** Prompt **
Scan the data for "from" and copy each matching line.

** Entries provided **
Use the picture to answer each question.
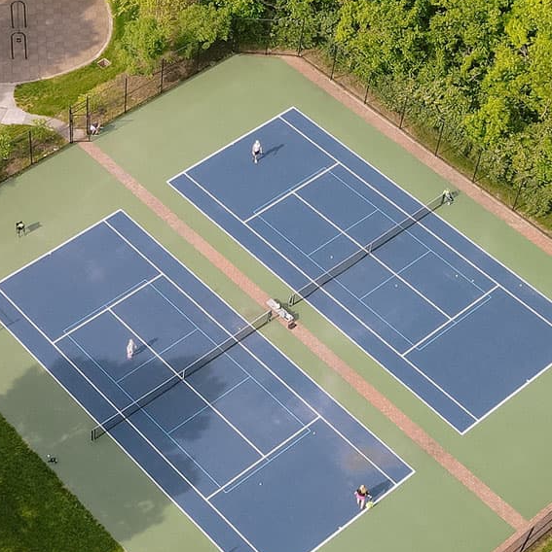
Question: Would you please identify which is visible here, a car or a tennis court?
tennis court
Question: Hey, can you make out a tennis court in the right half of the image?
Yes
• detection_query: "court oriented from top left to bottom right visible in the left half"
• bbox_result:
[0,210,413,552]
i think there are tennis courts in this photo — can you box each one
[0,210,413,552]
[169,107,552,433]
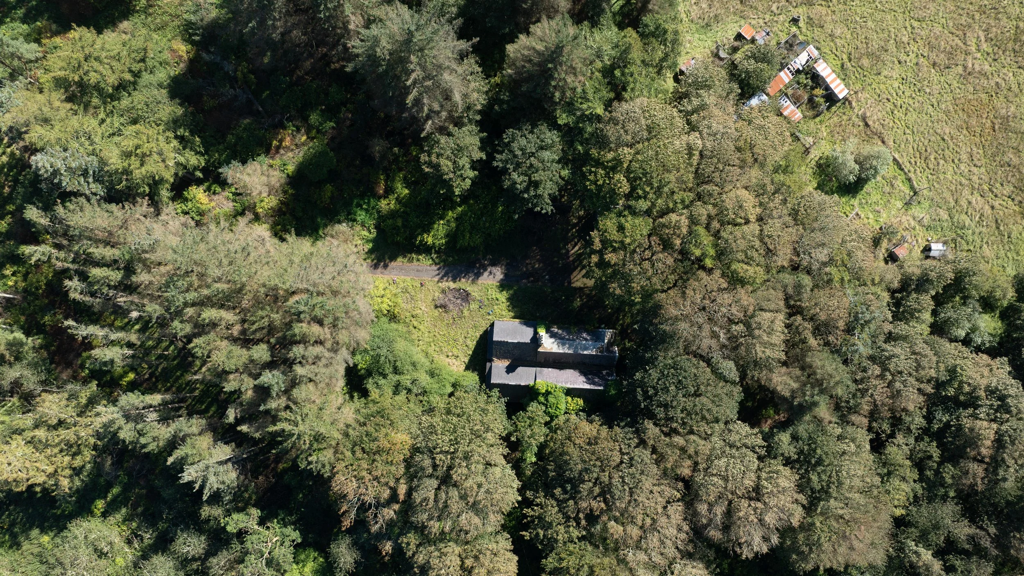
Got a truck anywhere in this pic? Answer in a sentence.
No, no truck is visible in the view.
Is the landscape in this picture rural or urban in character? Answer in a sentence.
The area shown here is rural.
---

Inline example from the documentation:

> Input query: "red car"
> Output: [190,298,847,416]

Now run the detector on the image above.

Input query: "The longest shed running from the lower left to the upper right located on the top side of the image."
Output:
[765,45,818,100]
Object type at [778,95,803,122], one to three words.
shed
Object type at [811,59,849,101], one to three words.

** Response area **
• detection_query: "court oriented from top left to bottom right visible in the left half"
Inline example from the documentation:
Input query: "The longest shed running from the lower left to the upper right located on the top side of the image."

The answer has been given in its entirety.